3. “Fight the waste, fraud and abuse that costs our health care system billions each year.” Give me a break. This is worse than “New Ideas, New Leadership.” The generic “waste, fraud and abuse” are perennial boogie-men, but no seems to able to a) effectively define them, and b) show how to eliminate the onerous costs without spending more to investigate and prosecute the subject offenses. I’m sure someone’s grandmother somewhere is scamming the system to get a fully-pivotal, earthquake-proof, Corinthian leather-seated wheelchair for free, but do we want the US Government to spend $100K to prosecute the “theft” of a $5K wheelchair? Better to go after the wheel-chair company for their loose practices with respect to Medicare – but that would entail taking on a revered “job creator.” Never gonna happen.

4. “Protect those with pre-existing conditions by funding state-level high-risk pools” Given that those with pre-existing conditions are already protected under O-care, this sounds like a tweak.
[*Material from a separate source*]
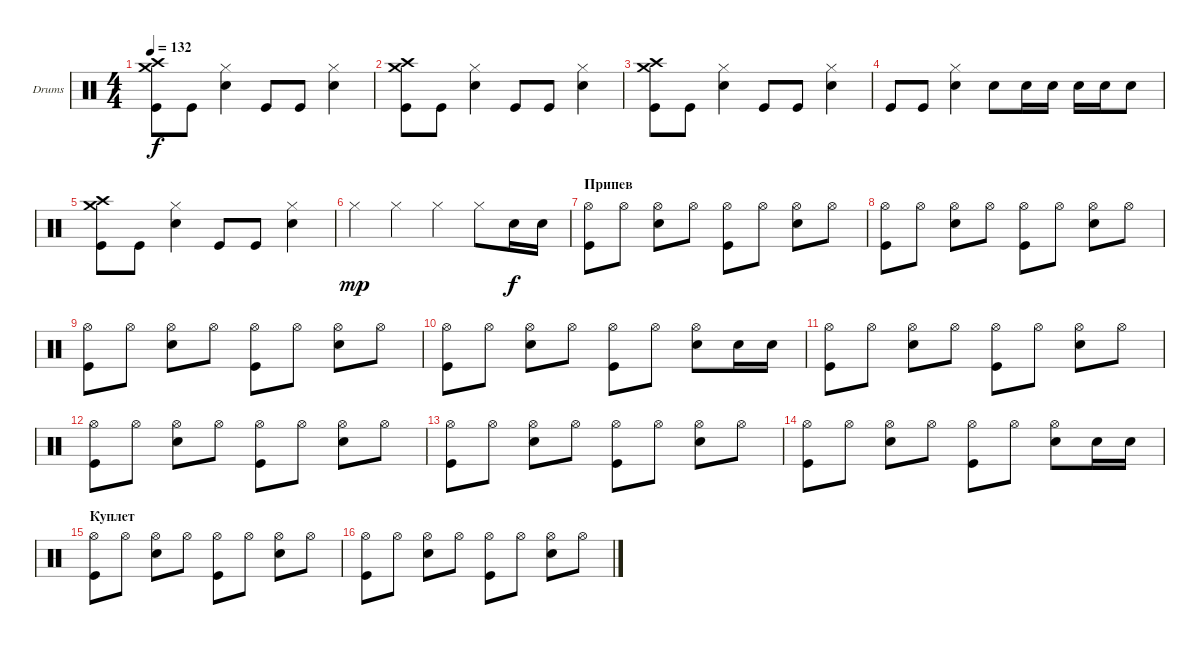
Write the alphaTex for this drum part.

5. “Allow individuals and families to purchase insurance on the same tax-advantaged basis as businesses.” I’m good with that. But please don’t whine when the budget deficit increases as a result. Just please admit you don’t care about deficits when you give away tax bennies.

Mary Soames dies at 91. Did she have the teeth of a 291 year old?

Getting back to recently dead people, I see that Mary Soames, the last surviving child of the lion of Britain, Sir Winston Churchill died at age 91 on May 31. Mrs. Soames lived an unusual and varied life, one that allowed her to accompany Sir Winston to such memorable events as the Potsdam Conference where Roosevelt and Stalin tagged along. Despite her historic pedigree, I was more fascinated with the photo of her as a young woman during WWII, surrounded by smiling British soldiers. Damn – what they say about British teeth!